Pangkal Pinang, WRC – Ratusan mahasiswa Universitas Bangka Belitung (UBB), harus kembali menjalani Wisuda di hotel karena pembangunan gedung auditorium masih terbengkalai. Proyek pembangunan gedung di kampus Negeri itu dihentikan setelah sejumlah kontraktor dan pegawai ditahan terkait kasus korupsi.
Kasubag Humas UBB Agus Susanto mengatakan, “479 mahasiswa menjalani prosesi wisuda di salah satu Hotel Bintang Lima karena gedung auditorium belum bisa digunakan.”

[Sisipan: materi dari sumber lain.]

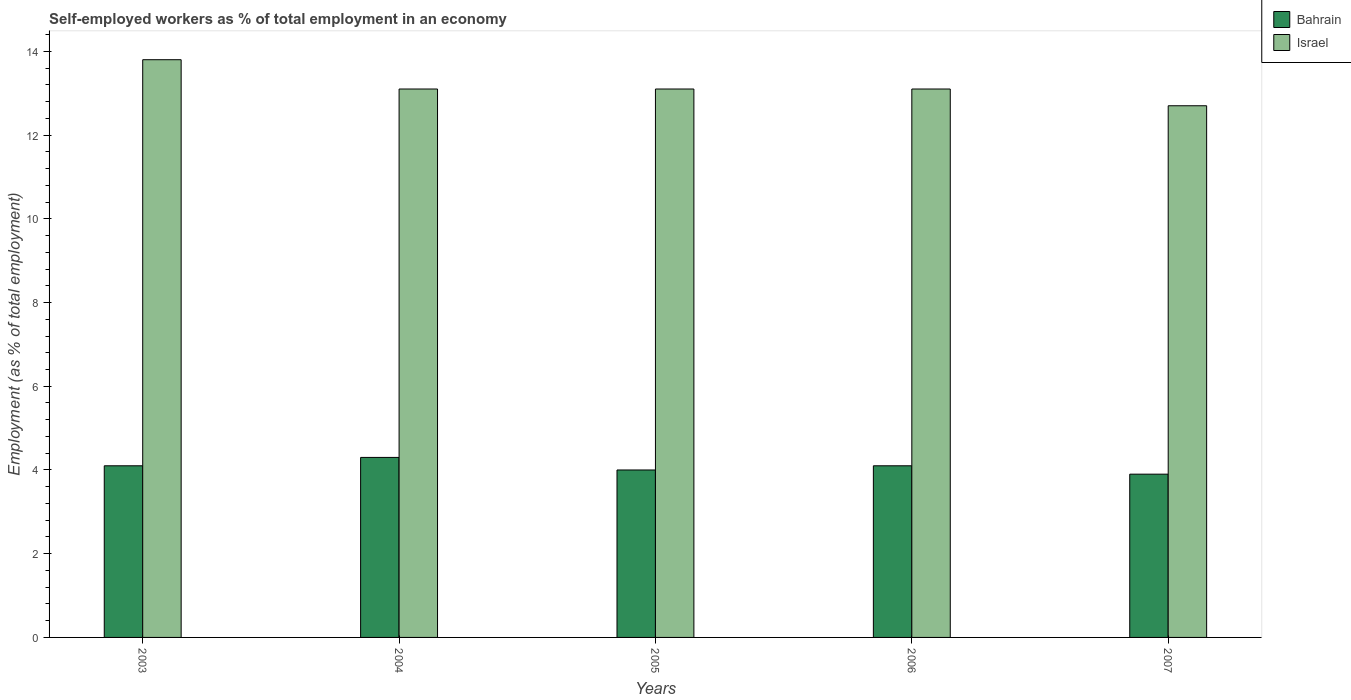Are the number of bars per tick equal to the number of legend labels?
Offer a very short reply. Yes. How many bars are there on the 1st tick from the left?
Your answer should be very brief. 2. What is the percentage of self-employed workers in Israel in 2003?
Provide a short and direct response. 13.8. Across all years, what is the maximum percentage of self-employed workers in Israel?
Provide a succinct answer. 13.8. Across all years, what is the minimum percentage of self-employed workers in Bahrain?
Give a very brief answer. 3.9. In which year was the percentage of self-employed workers in Bahrain maximum?
Give a very brief answer. 2004. In which year was the percentage of self-employed workers in Bahrain minimum?
Ensure brevity in your answer.  2007. What is the total percentage of self-employed workers in Bahrain in the graph?
Your response must be concise. 20.4. What is the difference between the percentage of self-employed workers in Bahrain in 2004 and that in 2007?
Offer a terse response. 0.4. What is the difference between the percentage of self-employed workers in Bahrain in 2007 and the percentage of self-employed workers in Israel in 2004?
Your response must be concise. -9.2. What is the average percentage of self-employed workers in Bahrain per year?
Ensure brevity in your answer.  4.08. In the year 2003, what is the difference between the percentage of self-employed workers in Israel and percentage of self-employed workers in Bahrain?
Your answer should be very brief. 9.7. What is the ratio of the percentage of self-employed workers in Bahrain in 2006 to that in 2007?
Offer a terse response. 1.05. Is the difference between the percentage of self-employed workers in Israel in 2003 and 2007 greater than the difference between the percentage of self-employed workers in Bahrain in 2003 and 2007?
Keep it short and to the point. Yes. What is the difference between the highest and the second highest percentage of self-employed workers in Israel?
Offer a very short reply. 0.7. What is the difference between the highest and the lowest percentage of self-employed workers in Bahrain?
Provide a short and direct response. 0.4. Is the sum of the percentage of self-employed workers in Israel in 2004 and 2007 greater than the maximum percentage of self-employed workers in Bahrain across all years?
Give a very brief answer. Yes. What does the 1st bar from the right in 2006 represents?
Your answer should be compact. Israel. How many years are there in the graph?
Your answer should be compact. 5. Does the graph contain any zero values?
Keep it short and to the point. No. Does the graph contain grids?
Give a very brief answer. No. Where does the legend appear in the graph?
Make the answer very short. Top right. How many legend labels are there?
Your response must be concise. 2. How are the legend labels stacked?
Your response must be concise. Vertical. What is the title of the graph?
Provide a short and direct response. Self-employed workers as % of total employment in an economy. Does "Burundi" appear as one of the legend labels in the graph?
Ensure brevity in your answer.  No. What is the label or title of the Y-axis?
Make the answer very short. Employment (as % of total employment). What is the Employment (as % of total employment) of Bahrain in 2003?
Offer a terse response. 4.1. What is the Employment (as % of total employment) of Israel in 2003?
Offer a very short reply. 13.8. What is the Employment (as % of total employment) in Bahrain in 2004?
Your answer should be very brief. 4.3. What is the Employment (as % of total employment) of Israel in 2004?
Your answer should be compact. 13.1. What is the Employment (as % of total employment) of Bahrain in 2005?
Your answer should be compact. 4. What is the Employment (as % of total employment) in Israel in 2005?
Provide a short and direct response. 13.1. What is the Employment (as % of total employment) in Bahrain in 2006?
Offer a very short reply. 4.1. What is the Employment (as % of total employment) in Israel in 2006?
Offer a terse response. 13.1. What is the Employment (as % of total employment) of Bahrain in 2007?
Your answer should be compact. 3.9. What is the Employment (as % of total employment) of Israel in 2007?
Keep it short and to the point. 12.7. Across all years, what is the maximum Employment (as % of total employment) of Bahrain?
Make the answer very short. 4.3. Across all years, what is the maximum Employment (as % of total employment) in Israel?
Provide a short and direct response. 13.8. Across all years, what is the minimum Employment (as % of total employment) in Bahrain?
Your answer should be compact. 3.9. Across all years, what is the minimum Employment (as % of total employment) of Israel?
Make the answer very short. 12.7. What is the total Employment (as % of total employment) of Bahrain in the graph?
Your response must be concise. 20.4. What is the total Employment (as % of total employment) of Israel in the graph?
Provide a succinct answer. 65.8. What is the difference between the Employment (as % of total employment) in Israel in 2003 and that in 2005?
Offer a very short reply. 0.7. What is the difference between the Employment (as % of total employment) in Israel in 2003 and that in 2006?
Your response must be concise. 0.7. What is the difference between the Employment (as % of total employment) of Bahrain in 2003 and that in 2007?
Give a very brief answer. 0.2. What is the difference between the Employment (as % of total employment) in Israel in 2004 and that in 2005?
Your response must be concise. 0. What is the difference between the Employment (as % of total employment) of Bahrain in 2004 and that in 2007?
Your answer should be very brief. 0.4. What is the difference between the Employment (as % of total employment) in Bahrain in 2005 and that in 2006?
Make the answer very short. -0.1. What is the difference between the Employment (as % of total employment) of Israel in 2005 and that in 2006?
Ensure brevity in your answer.  0. What is the difference between the Employment (as % of total employment) in Israel in 2005 and that in 2007?
Make the answer very short. 0.4. What is the difference between the Employment (as % of total employment) in Bahrain in 2003 and the Employment (as % of total employment) in Israel in 2004?
Offer a very short reply. -9. What is the difference between the Employment (as % of total employment) in Bahrain in 2003 and the Employment (as % of total employment) in Israel in 2005?
Give a very brief answer. -9. What is the difference between the Employment (as % of total employment) in Bahrain in 2003 and the Employment (as % of total employment) in Israel in 2007?
Provide a short and direct response. -8.6. What is the difference between the Employment (as % of total employment) of Bahrain in 2005 and the Employment (as % of total employment) of Israel in 2006?
Offer a very short reply. -9.1. What is the difference between the Employment (as % of total employment) in Bahrain in 2005 and the Employment (as % of total employment) in Israel in 2007?
Ensure brevity in your answer.  -8.7. What is the difference between the Employment (as % of total employment) in Bahrain in 2006 and the Employment (as % of total employment) in Israel in 2007?
Your response must be concise. -8.6. What is the average Employment (as % of total employment) in Bahrain per year?
Give a very brief answer. 4.08. What is the average Employment (as % of total employment) of Israel per year?
Your response must be concise. 13.16. In the year 2004, what is the difference between the Employment (as % of total employment) of Bahrain and Employment (as % of total employment) of Israel?
Provide a succinct answer. -8.8. In the year 2005, what is the difference between the Employment (as % of total employment) of Bahrain and Employment (as % of total employment) of Israel?
Provide a short and direct response. -9.1. In the year 2006, what is the difference between the Employment (as % of total employment) of Bahrain and Employment (as % of total employment) of Israel?
Your response must be concise. -9. What is the ratio of the Employment (as % of total employment) in Bahrain in 2003 to that in 2004?
Keep it short and to the point. 0.95. What is the ratio of the Employment (as % of total employment) of Israel in 2003 to that in 2004?
Make the answer very short. 1.05. What is the ratio of the Employment (as % of total employment) of Israel in 2003 to that in 2005?
Keep it short and to the point. 1.05. What is the ratio of the Employment (as % of total employment) in Bahrain in 2003 to that in 2006?
Your answer should be very brief. 1. What is the ratio of the Employment (as % of total employment) of Israel in 2003 to that in 2006?
Ensure brevity in your answer.  1.05. What is the ratio of the Employment (as % of total employment) of Bahrain in 2003 to that in 2007?
Offer a terse response. 1.05. What is the ratio of the Employment (as % of total employment) in Israel in 2003 to that in 2007?
Provide a short and direct response. 1.09. What is the ratio of the Employment (as % of total employment) of Bahrain in 2004 to that in 2005?
Make the answer very short. 1.07. What is the ratio of the Employment (as % of total employment) in Israel in 2004 to that in 2005?
Offer a terse response. 1. What is the ratio of the Employment (as % of total employment) of Bahrain in 2004 to that in 2006?
Provide a succinct answer. 1.05. What is the ratio of the Employment (as % of total employment) of Israel in 2004 to that in 2006?
Offer a terse response. 1. What is the ratio of the Employment (as % of total employment) in Bahrain in 2004 to that in 2007?
Your answer should be compact. 1.1. What is the ratio of the Employment (as % of total employment) in Israel in 2004 to that in 2007?
Your answer should be compact. 1.03. What is the ratio of the Employment (as % of total employment) in Bahrain in 2005 to that in 2006?
Offer a terse response. 0.98. What is the ratio of the Employment (as % of total employment) of Bahrain in 2005 to that in 2007?
Keep it short and to the point. 1.03. What is the ratio of the Employment (as % of total employment) in Israel in 2005 to that in 2007?
Your answer should be compact. 1.03. What is the ratio of the Employment (as % of total employment) of Bahrain in 2006 to that in 2007?
Offer a very short reply. 1.05. What is the ratio of the Employment (as % of total employment) of Israel in 2006 to that in 2007?
Your answer should be very brief. 1.03. What is the difference between the highest and the second highest Employment (as % of total employment) of Bahrain?
Your answer should be compact. 0.2. What is the difference between the highest and the lowest Employment (as % of total employment) in Bahrain?
Offer a very short reply. 0.4. What is the difference between the highest and the lowest Employment (as % of total employment) in Israel?
Provide a short and direct response. 1.1.

Dalam setahun, UBB melaksanakan 2 sampai 3 kali wisuda. Sejak lima tahun terakhir, wisuda rutin dilaksanakan di hotel dengan biaya tambahan yang dibebankan pada calon wisudawan.
“Setahu saya kalau proses hukum sudah kelar, namun sampai sekarang untuk SP3 belum dikeluarkan, sehingga proses penyelesaian gedung yang mangkrak belum bisa diajukan,” kata Agus, Rabu (30/10/2019).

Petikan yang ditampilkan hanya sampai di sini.